Page 58: “John and I had often talked about how focused our culture was on distraction, about how ill suited we were to staying with things, following them through in a respectful and thorough way. There was a great discomfort with quiet, with stillness, at the same time that there was acknowledgement of how valuable these things could be. I once read an essay about a woman who spent an entire day simply looking at what she had, really seeing all the things she’d put in her house. I was as guilty as anyone else of buying books I never read, of rushing through days without ever looking up, of taking for granted things for which I should give thanks every day. Who appreciated their good health until they lost it? Who said grace? Who read to their children before bed without one eye on the clock, despairing of all they had to do before they themselves could sleep? Who engaged cashiers in grocery stores in conversations? Everyone seemed in a blind hurry, and there was no relief in sight…”

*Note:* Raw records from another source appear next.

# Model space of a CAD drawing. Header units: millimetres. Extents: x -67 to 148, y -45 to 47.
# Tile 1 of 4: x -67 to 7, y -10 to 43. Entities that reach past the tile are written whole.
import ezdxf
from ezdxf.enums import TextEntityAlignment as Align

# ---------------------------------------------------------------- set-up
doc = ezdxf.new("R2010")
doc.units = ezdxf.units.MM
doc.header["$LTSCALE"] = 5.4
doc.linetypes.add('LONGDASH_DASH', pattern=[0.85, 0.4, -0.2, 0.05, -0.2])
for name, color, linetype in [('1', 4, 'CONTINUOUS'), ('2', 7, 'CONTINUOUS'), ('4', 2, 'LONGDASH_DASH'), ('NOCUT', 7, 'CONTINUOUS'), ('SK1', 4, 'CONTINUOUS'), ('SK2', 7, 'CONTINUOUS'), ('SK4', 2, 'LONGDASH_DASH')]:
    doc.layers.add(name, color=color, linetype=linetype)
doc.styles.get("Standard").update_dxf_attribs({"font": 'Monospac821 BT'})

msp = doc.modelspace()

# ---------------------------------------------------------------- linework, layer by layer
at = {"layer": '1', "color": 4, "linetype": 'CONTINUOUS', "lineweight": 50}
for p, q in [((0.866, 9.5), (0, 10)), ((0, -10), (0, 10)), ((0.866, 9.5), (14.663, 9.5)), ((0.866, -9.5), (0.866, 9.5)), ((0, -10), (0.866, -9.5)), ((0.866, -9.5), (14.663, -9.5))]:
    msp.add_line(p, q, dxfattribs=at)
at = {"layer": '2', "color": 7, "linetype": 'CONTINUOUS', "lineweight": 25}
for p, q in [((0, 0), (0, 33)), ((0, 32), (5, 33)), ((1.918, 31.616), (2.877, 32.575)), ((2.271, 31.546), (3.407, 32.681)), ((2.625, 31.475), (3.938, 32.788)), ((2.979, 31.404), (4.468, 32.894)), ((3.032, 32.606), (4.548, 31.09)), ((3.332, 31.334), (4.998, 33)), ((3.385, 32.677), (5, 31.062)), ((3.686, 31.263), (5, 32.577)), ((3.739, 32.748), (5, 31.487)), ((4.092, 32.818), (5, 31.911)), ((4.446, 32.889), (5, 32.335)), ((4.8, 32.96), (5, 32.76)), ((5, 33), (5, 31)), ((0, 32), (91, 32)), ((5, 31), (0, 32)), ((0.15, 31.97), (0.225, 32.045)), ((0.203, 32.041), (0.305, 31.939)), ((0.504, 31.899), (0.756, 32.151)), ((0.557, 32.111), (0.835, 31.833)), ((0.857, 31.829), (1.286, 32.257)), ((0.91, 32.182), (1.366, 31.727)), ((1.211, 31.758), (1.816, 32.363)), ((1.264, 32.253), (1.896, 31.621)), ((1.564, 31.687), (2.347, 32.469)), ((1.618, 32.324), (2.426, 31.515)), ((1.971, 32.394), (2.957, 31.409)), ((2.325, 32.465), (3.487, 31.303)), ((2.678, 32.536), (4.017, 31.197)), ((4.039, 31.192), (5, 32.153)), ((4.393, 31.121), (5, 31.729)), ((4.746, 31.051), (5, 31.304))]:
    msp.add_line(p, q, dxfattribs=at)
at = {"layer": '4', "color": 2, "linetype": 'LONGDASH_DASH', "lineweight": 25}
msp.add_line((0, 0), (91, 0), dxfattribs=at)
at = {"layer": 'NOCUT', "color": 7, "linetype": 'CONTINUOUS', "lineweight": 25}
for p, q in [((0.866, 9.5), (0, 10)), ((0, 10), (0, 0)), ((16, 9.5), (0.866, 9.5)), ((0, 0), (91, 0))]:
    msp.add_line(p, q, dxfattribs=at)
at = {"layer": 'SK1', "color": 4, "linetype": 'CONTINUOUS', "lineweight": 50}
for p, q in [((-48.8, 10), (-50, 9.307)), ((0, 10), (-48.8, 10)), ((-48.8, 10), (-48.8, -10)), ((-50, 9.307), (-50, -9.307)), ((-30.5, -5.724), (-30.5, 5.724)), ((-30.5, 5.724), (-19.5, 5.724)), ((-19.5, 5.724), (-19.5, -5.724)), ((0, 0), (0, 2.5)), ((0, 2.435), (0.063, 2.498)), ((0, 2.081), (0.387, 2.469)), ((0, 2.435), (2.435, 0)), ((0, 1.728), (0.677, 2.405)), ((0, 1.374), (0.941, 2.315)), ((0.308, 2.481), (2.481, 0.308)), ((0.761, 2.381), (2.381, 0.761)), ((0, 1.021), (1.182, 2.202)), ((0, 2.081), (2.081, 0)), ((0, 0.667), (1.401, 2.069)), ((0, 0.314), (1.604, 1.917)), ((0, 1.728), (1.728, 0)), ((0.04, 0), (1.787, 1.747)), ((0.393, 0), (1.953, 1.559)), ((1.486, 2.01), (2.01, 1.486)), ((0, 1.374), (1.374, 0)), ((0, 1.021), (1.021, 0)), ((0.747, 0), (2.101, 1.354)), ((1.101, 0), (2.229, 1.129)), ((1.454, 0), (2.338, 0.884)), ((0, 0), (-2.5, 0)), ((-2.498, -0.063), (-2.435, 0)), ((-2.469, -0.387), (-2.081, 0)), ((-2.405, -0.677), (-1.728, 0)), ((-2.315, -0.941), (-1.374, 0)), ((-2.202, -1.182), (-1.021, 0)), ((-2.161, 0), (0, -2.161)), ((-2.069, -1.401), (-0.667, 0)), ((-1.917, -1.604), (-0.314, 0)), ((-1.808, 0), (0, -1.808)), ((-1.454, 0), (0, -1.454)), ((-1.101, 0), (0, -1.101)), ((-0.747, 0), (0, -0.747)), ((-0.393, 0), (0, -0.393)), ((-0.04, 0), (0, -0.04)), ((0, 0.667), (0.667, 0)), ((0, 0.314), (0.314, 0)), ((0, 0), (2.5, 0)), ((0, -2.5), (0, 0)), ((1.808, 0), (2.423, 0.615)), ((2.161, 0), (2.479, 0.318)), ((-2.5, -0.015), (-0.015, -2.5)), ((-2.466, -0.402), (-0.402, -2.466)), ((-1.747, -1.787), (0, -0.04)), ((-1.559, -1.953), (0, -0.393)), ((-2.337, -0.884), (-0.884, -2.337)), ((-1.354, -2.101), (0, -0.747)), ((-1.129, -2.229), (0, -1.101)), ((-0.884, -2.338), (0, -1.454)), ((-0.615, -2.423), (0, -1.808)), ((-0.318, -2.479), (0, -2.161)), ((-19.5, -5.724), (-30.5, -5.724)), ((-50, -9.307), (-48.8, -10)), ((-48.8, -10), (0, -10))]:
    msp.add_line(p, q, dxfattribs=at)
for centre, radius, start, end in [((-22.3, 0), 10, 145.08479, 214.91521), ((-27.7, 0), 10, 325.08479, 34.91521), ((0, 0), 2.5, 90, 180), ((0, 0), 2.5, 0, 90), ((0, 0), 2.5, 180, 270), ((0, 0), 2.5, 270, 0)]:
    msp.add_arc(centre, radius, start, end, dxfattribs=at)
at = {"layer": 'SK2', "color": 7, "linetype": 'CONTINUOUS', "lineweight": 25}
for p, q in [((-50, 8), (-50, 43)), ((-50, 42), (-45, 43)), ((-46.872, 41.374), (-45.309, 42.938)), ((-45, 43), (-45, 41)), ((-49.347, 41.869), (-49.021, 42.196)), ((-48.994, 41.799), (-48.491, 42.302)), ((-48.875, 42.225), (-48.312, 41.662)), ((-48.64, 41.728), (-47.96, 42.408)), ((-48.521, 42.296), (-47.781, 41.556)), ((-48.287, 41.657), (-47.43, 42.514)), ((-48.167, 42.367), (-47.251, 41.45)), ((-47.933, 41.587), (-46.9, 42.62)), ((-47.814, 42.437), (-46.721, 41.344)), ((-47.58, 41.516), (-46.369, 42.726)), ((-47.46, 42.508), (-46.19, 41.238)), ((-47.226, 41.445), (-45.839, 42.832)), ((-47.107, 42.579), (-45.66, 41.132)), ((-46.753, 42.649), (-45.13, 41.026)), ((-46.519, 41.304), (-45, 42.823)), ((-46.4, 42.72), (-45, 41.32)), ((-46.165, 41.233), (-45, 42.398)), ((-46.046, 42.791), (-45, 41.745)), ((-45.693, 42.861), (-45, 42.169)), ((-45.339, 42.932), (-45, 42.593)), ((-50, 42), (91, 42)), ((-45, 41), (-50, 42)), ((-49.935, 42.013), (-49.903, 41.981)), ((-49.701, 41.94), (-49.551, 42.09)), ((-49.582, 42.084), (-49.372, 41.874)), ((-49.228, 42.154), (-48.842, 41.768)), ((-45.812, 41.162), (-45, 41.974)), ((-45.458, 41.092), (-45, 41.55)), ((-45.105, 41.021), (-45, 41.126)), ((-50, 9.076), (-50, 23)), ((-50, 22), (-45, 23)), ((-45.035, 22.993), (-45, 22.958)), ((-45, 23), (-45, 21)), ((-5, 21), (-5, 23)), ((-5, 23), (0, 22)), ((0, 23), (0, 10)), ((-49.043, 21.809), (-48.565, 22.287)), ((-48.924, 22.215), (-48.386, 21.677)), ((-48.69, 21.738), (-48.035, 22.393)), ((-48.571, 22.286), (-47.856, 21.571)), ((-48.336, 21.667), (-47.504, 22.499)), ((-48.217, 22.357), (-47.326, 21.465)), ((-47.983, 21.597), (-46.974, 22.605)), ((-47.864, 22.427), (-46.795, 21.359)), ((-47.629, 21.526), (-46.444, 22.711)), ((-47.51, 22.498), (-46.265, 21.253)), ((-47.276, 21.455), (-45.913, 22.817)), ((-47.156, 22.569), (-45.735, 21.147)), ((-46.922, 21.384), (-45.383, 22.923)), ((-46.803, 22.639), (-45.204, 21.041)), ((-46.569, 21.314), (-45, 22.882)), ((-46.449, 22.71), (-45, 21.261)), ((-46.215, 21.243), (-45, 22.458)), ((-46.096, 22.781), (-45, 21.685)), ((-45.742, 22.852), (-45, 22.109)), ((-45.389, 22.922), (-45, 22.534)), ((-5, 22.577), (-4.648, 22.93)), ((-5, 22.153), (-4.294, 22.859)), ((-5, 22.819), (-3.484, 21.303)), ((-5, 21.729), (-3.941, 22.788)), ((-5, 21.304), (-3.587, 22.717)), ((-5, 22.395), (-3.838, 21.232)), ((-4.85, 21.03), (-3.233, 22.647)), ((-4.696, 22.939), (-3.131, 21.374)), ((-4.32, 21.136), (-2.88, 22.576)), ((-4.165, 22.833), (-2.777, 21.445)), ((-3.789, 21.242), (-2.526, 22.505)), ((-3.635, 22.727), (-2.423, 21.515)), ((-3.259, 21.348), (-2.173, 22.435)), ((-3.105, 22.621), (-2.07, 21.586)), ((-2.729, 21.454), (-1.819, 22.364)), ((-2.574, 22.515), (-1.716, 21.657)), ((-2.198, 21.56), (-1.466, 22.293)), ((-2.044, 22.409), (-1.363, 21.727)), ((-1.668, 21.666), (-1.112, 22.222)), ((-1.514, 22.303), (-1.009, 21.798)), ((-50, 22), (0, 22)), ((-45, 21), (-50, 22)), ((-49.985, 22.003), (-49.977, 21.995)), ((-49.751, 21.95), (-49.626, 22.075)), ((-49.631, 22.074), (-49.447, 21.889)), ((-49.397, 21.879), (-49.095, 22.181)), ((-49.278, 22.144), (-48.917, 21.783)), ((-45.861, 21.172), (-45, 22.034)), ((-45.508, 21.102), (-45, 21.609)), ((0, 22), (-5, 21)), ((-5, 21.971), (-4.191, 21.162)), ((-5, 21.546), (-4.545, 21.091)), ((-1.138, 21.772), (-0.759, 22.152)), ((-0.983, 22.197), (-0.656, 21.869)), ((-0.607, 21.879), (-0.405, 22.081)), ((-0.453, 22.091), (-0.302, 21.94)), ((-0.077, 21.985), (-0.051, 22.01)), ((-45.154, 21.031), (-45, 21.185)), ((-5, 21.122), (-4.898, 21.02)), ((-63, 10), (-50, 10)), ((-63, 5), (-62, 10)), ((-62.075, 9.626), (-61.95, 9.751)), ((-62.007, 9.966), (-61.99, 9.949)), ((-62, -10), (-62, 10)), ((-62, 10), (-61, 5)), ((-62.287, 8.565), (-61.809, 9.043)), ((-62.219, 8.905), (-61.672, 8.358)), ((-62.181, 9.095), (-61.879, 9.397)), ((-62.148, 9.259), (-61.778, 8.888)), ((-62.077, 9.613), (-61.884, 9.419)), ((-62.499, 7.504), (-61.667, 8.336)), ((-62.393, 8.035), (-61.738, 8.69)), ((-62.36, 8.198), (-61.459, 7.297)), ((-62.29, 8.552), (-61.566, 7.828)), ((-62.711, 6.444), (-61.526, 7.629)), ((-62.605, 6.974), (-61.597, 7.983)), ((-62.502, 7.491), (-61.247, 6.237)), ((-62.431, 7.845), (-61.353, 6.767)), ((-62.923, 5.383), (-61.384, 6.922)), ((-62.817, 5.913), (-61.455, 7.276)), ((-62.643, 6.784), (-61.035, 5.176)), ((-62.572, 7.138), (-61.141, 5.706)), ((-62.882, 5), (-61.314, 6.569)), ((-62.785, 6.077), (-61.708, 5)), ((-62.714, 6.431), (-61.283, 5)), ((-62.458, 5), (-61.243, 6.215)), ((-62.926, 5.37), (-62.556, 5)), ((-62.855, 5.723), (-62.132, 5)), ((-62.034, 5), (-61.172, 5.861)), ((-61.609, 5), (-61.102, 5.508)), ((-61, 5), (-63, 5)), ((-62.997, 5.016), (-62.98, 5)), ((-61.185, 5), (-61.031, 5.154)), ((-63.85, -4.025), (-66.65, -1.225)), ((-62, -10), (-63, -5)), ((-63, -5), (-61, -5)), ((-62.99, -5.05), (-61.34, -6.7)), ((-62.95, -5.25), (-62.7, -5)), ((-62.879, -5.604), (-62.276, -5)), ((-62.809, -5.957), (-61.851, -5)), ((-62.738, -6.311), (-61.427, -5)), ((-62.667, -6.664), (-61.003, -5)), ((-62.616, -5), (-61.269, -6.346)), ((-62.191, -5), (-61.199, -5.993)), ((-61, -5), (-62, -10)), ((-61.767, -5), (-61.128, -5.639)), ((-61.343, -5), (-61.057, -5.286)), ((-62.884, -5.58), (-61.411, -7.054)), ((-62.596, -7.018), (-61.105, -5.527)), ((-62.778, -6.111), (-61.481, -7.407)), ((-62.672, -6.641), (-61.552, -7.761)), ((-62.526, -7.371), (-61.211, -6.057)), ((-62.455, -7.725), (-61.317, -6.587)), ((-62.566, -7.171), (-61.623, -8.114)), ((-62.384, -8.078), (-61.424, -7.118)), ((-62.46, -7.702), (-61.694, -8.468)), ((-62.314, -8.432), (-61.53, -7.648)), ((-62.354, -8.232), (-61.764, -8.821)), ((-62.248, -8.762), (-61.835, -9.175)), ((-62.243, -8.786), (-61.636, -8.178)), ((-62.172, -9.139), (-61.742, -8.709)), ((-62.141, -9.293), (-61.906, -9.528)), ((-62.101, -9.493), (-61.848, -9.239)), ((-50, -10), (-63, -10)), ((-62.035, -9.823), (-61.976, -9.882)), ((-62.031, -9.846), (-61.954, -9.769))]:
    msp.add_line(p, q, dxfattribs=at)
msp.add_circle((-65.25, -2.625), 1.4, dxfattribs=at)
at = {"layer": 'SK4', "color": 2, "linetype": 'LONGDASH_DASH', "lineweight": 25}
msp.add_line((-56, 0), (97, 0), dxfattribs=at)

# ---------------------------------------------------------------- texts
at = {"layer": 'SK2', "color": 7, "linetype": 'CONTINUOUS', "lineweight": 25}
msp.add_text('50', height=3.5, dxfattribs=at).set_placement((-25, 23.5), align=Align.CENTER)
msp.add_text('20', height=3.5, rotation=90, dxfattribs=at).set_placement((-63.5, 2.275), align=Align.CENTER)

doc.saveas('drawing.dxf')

She kept scrapbooks of pictures she tore out of magazines and newspapers – sit sometimes in the afternoon with a cup of tea and make up stories to fit the pictures. She used to keep them in drawers but John had a rare fit of exasperation – do something with them!
John left her a bunch of slips of paper with words written on them, in a cigar box that he gave to the neighbor to wrap up and give to Bette after he died: “Eclipse,” “green bowl” (not sure), “Old CDs,” “Mists,” “Split Rail.”
Lists of things she would have in her store: Dutch cocoa, long glass jars of vanilla beans, chocolate-colored pajamas-brown flannel with red piping…heavy pasta pitchers from Tuscany, roosters from Paris for the kitchen, antique keys on satin ribbon, verbena soap, antique buttons.